The key factor behind Tsai’s resurrection lies 440 miles away across the South China Sea in Hong Kong. When pro-democracy protests flared up there last June, her stock started to rise – and the more the police cracked down and Beijing’s stooges running the former British colony refused to bend, the more she surged in the polls. Tsai fanned this by tapping into Taiwanese fears of being subsumed into China, helped by claims of interference after the unmasking of a spy and the stumbles of her main opponent.

Beijing has pushed a carrot and stick approach to Taiwan. It promoted the model of ‘One Country, Two Systems’ agreed after termination of British rule in Hong Kong as a template for ‘peaceful reunification’ with the mainland. And it spent lavishly on scholarships and start-up funds to seduce young Taiwanese. At the same time China staged overt military shows of force as reminder of its power while making threats of invasion should the island dare move towards formal independence. ‘We make no promise to renounce use of force and reserve the option of taking all necessary means,’ warned President Xi Jinping last year.
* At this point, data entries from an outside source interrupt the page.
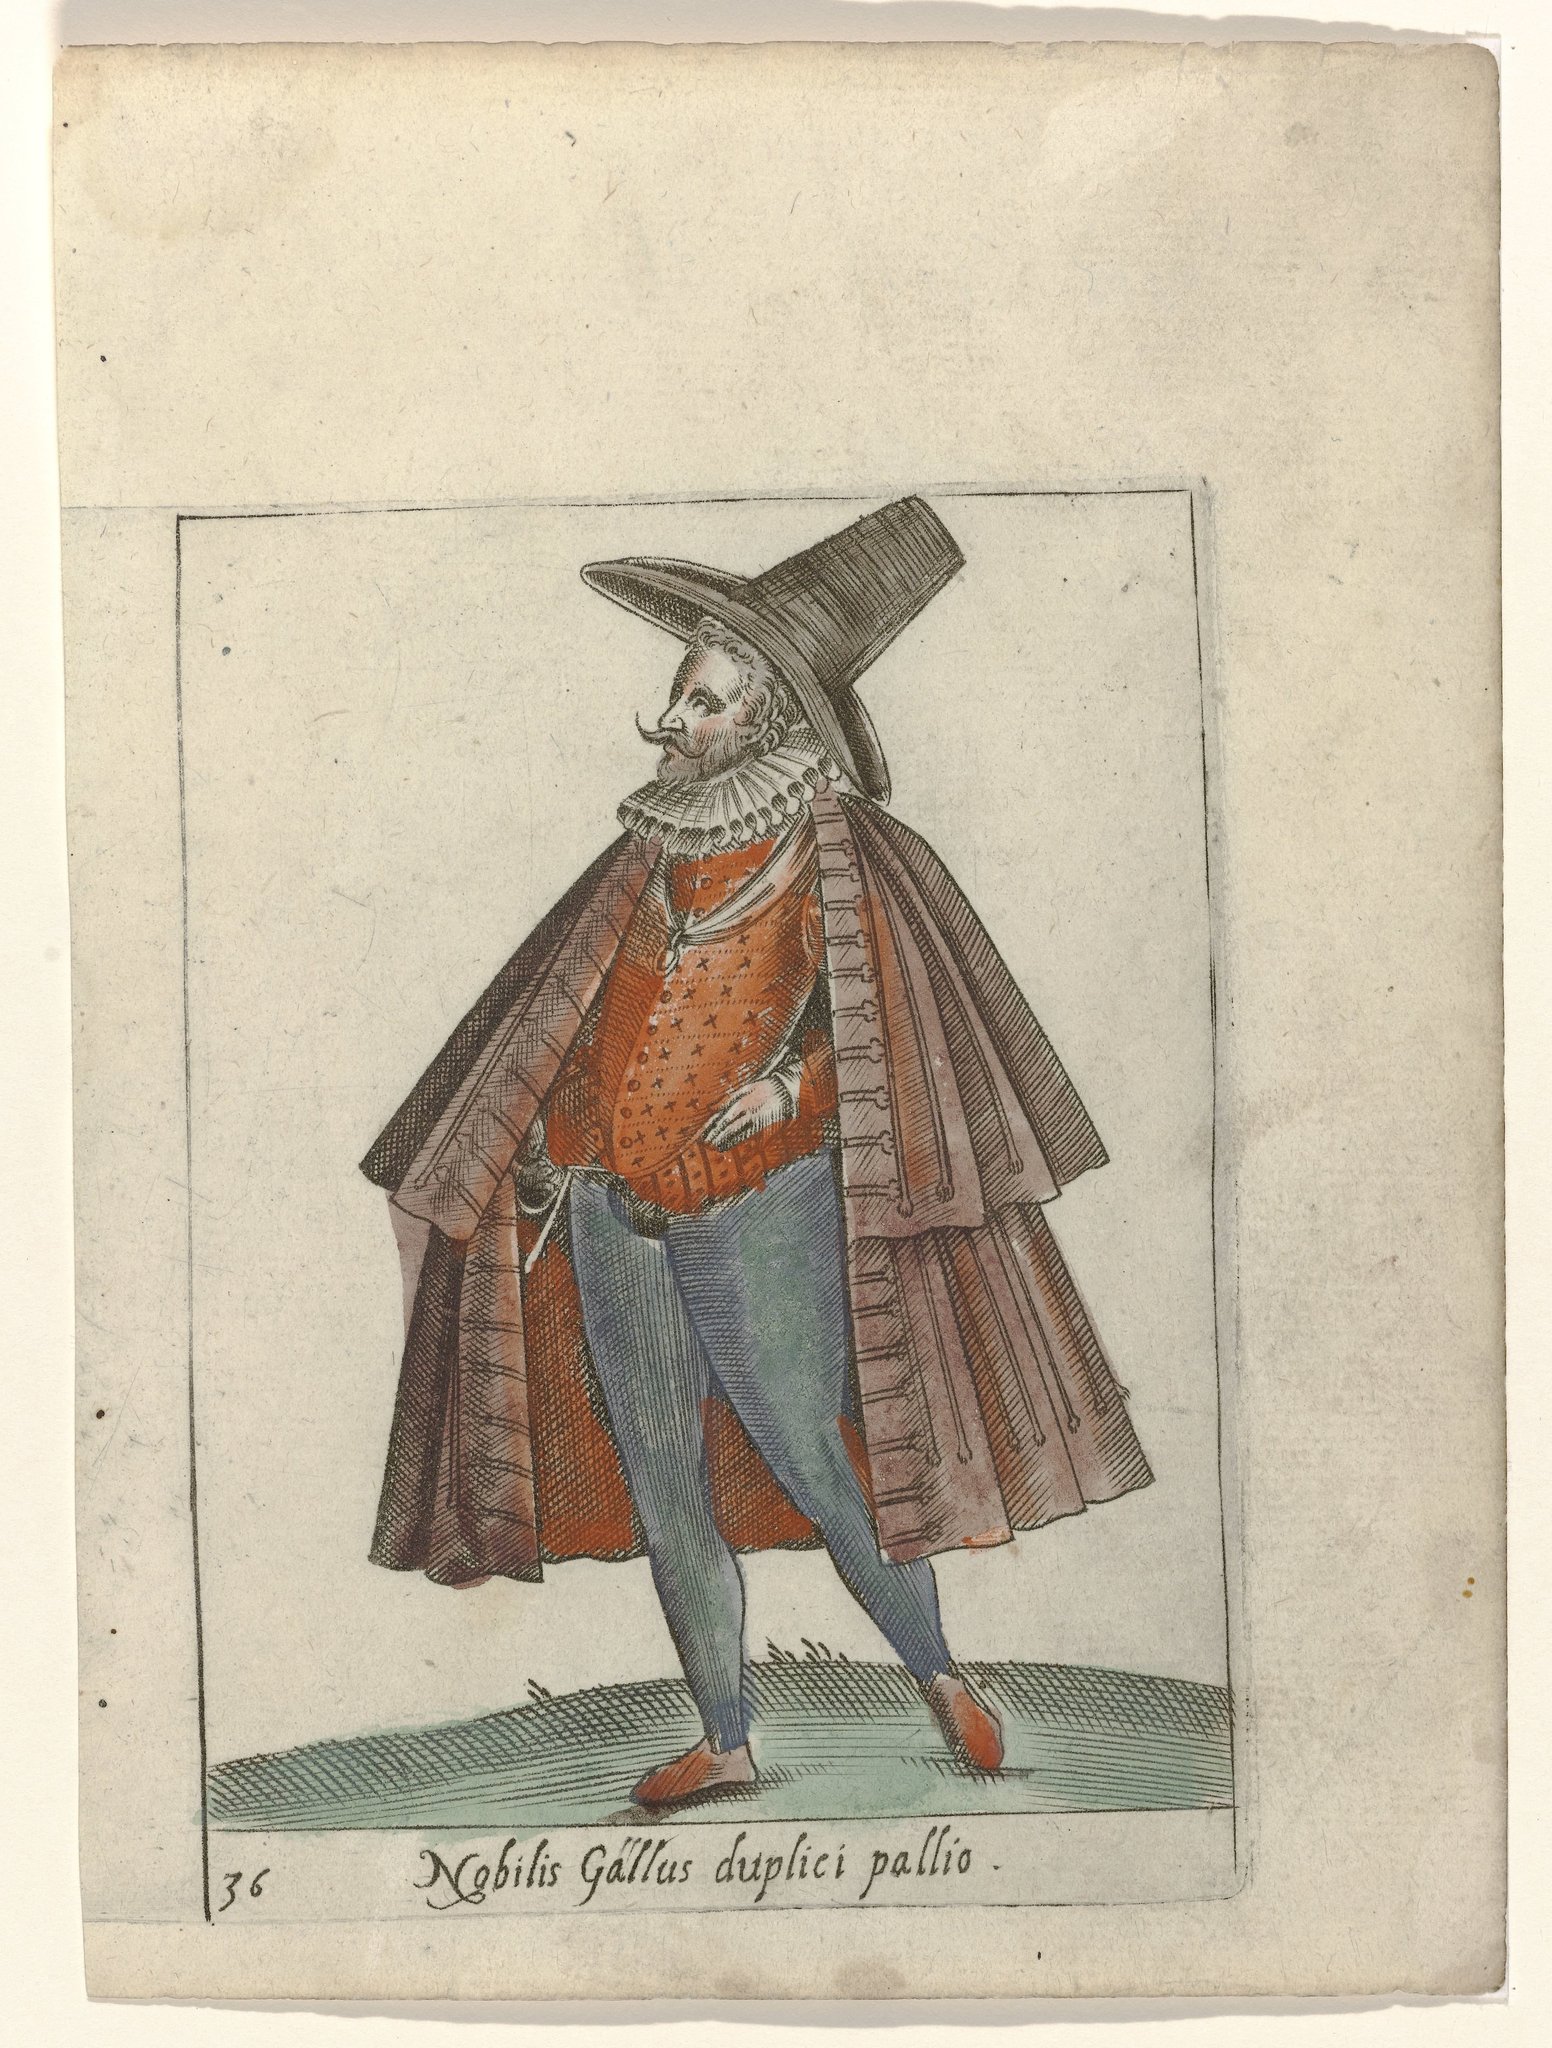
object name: print
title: Nobilis Gallus duplici pallio
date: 1594-1596
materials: paper
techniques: engraving, hand coloring
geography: padua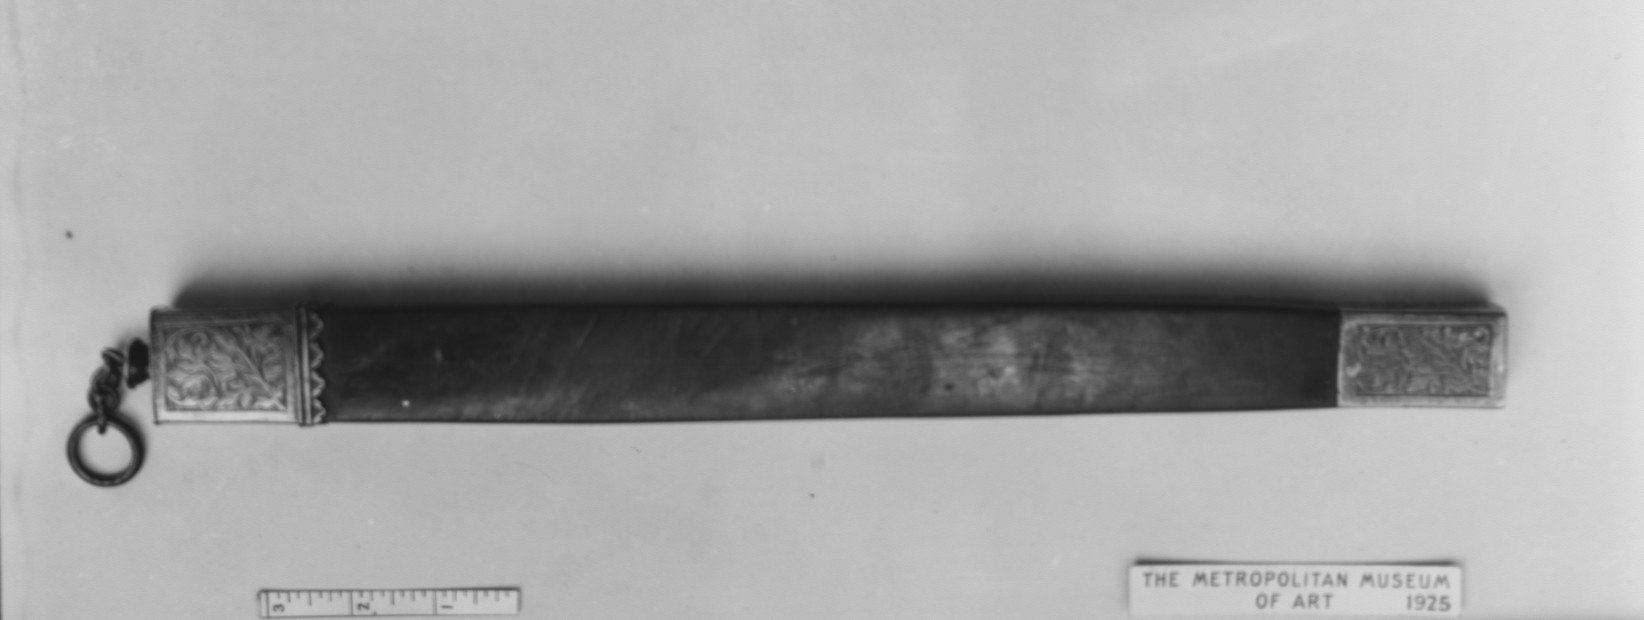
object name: whetstone
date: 1574
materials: brass, stone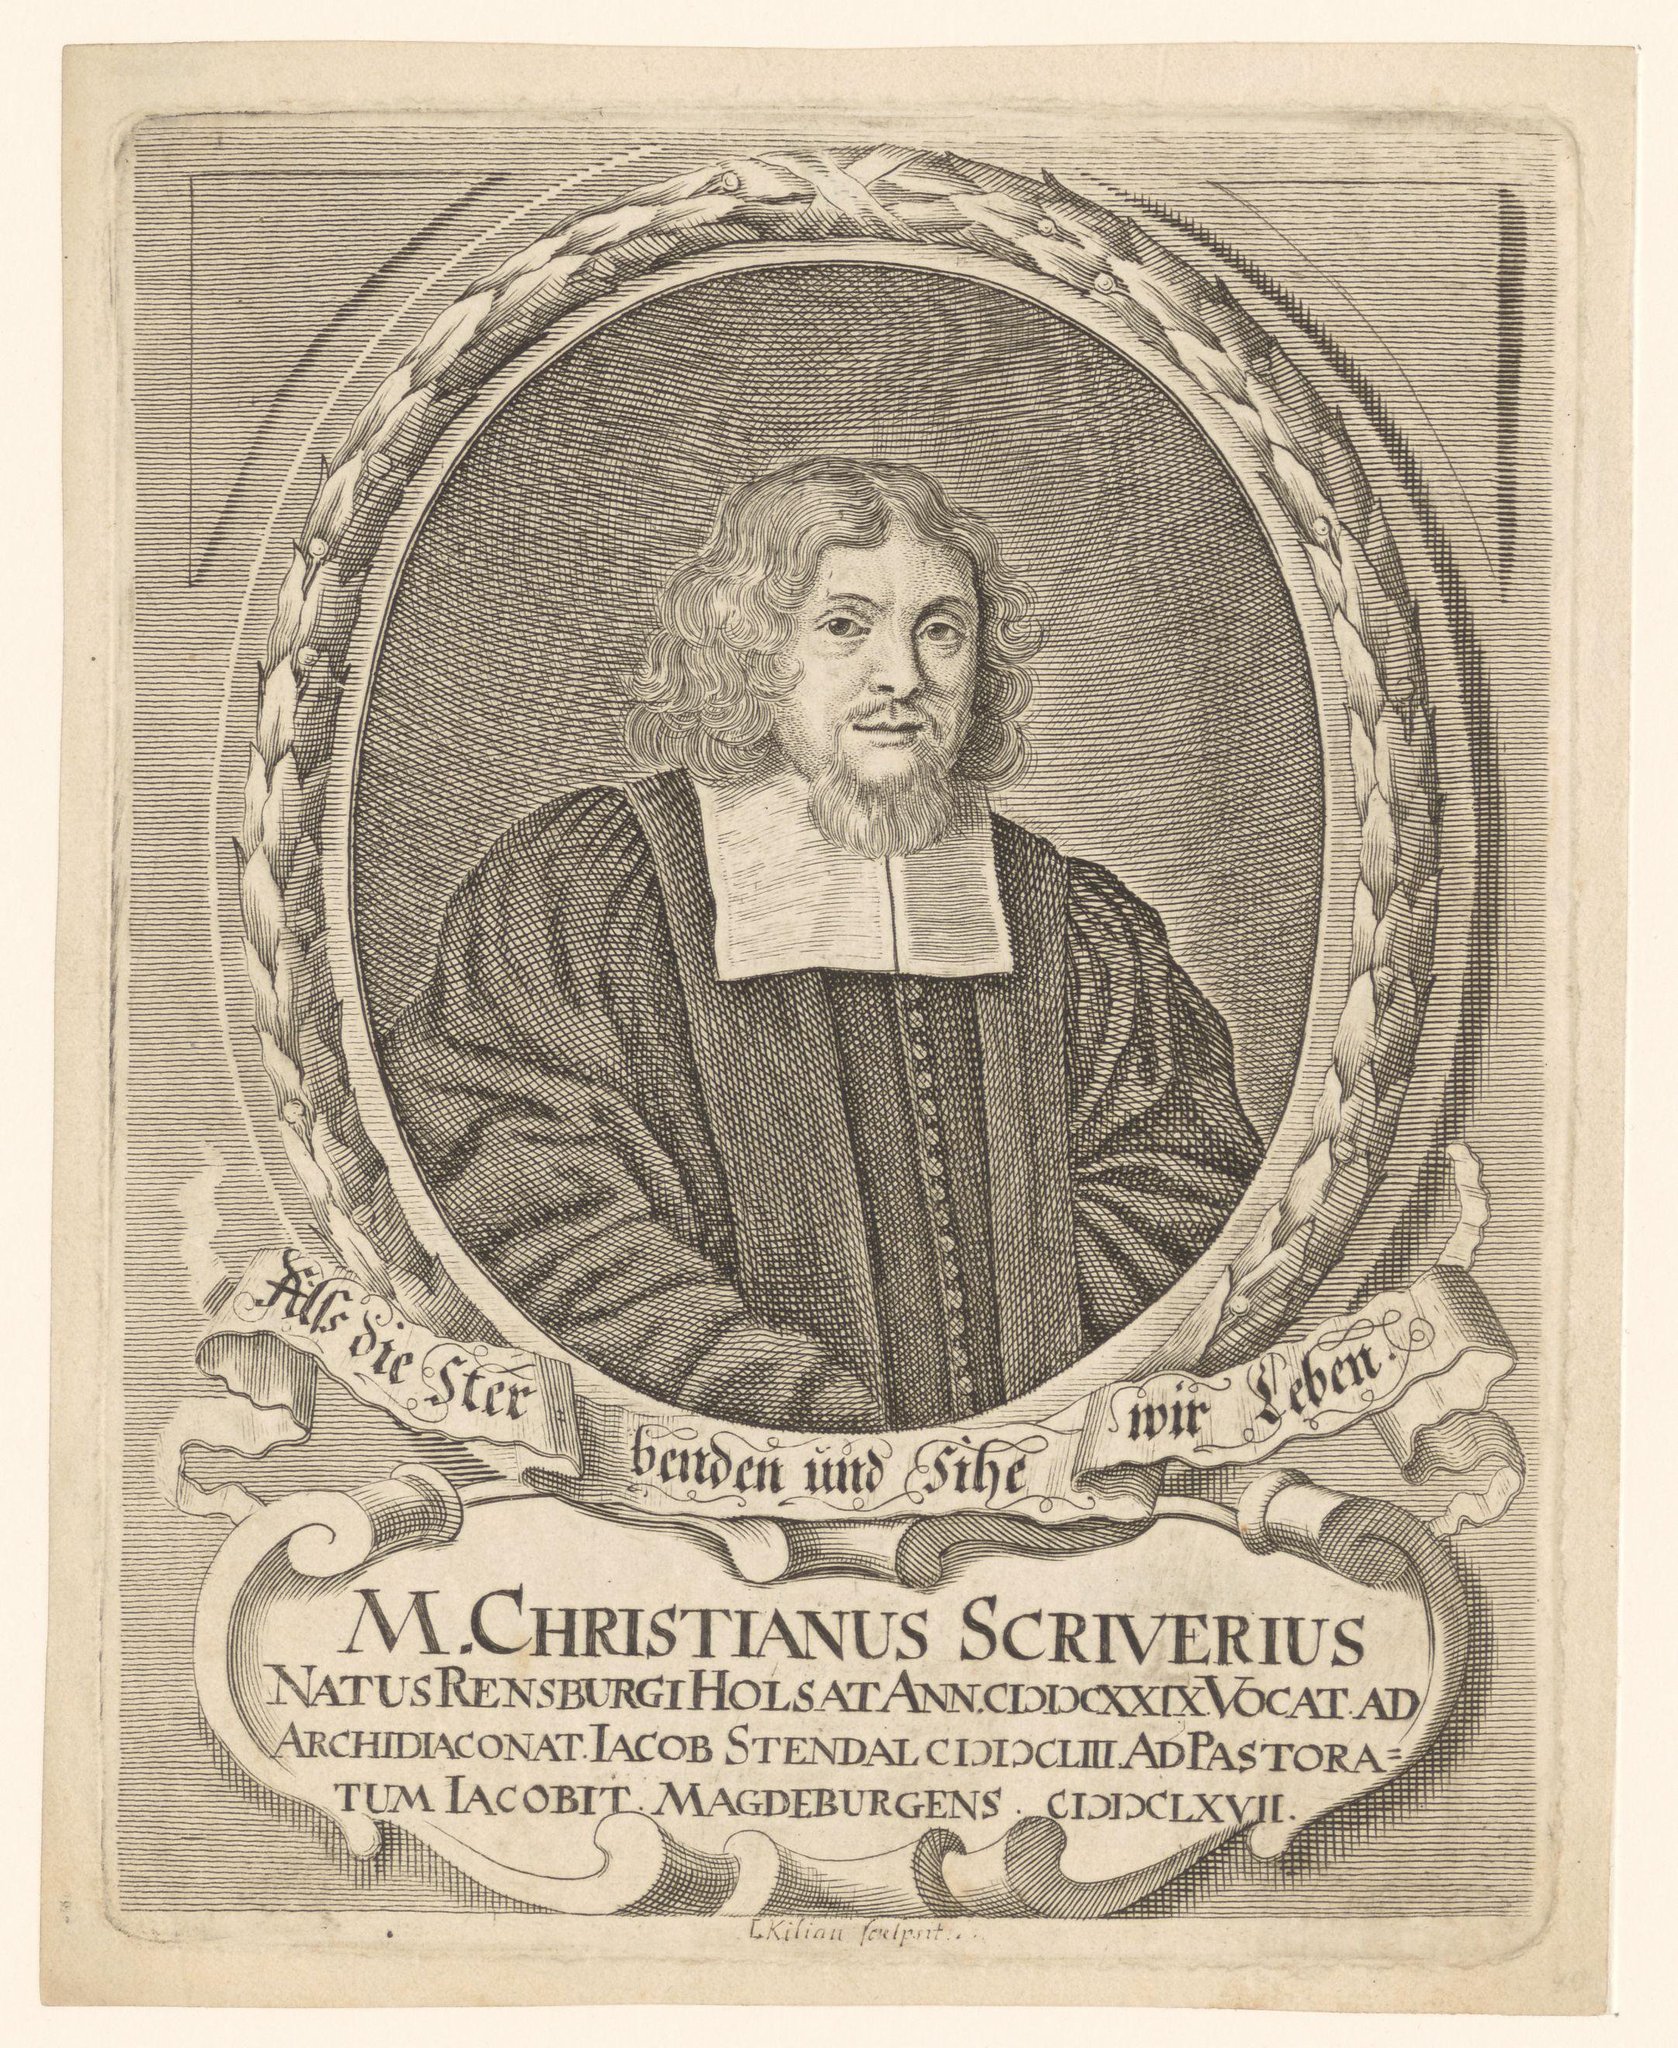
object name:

The Communists see what they call ‘reunification’ as their ‘historic task.’ Analysts told me they believe this long focus on Taiwan served to restrain Beijing’s response to events in Hong Kong. But surveys show young people in Taiwan, just like those brave black-clad protesters out on the streets in Hong Kong with gas masks and umbrellas, are most resolutely opposed to joining China. Their fears are intensified as Xi ramps up repression, reduces political space, crams Muslim minorities in concentration camps and unleashes an Orwellian surveillance system using the latest technology to control his citizens.

As China becomes richer and militarily stronger, its rhetoric on Taiwan – a Japanese colony for first half of the last century – has become more bellicose. It has used its wealth to systematically diminish diplomatic support for the island, leaving only 15 small nations still recognising the country as opposed to 22 when Tsai won her first term in office four years ago.

Meanwhile Western business shamefully kowtow to Beijing, putting profits way above the slightest sense of morality as they call Taiwan a ‘province of China’ just as some pandered to Beijing bullying on Hong Kong. Yet suddenly the world has become a bit more dangerous, the future more uncertain.

Britain has a shoddy record of silence and appeasement over human rights abuses by Beijing, something set to grow worse in our weakened state after Brexit. Support for those struggling in our former colony to protect rights we agreed in its handover has been half-hearted at best.

Meanwhile Donald Trump terrifies Beijing with his volatility and his administration quickly applauded Tsai’s success, but he is focused on resolving his damaging trade war. And as Chinese officials point out, the West’s actions in the Middle East – from invading Iraq through to the killing of Iran’s Qasem Soleimani – corrode its claims to serve as a force for global good and stability.

The titanic struggle between the world’s superpower and its emerging challenger is now even more complicated – not least since the United States is legally bound to ensure Taiwan can defend itself.

The citizens of that island, like most of those in Hong Kong, have displayed a determination to resist the rule of China’s one-party regime. This is laudable and understandable. Yet it also fuels the risk of either place becoming a global flashpoint. China’s high-pressure tactics have backfired but it will not abandon long-cherished aims. Ultimately, however, this thriving democracy is the perfect riposte to those Communist Party bullies who are repressing one-fifth of the world’s population from Beijing.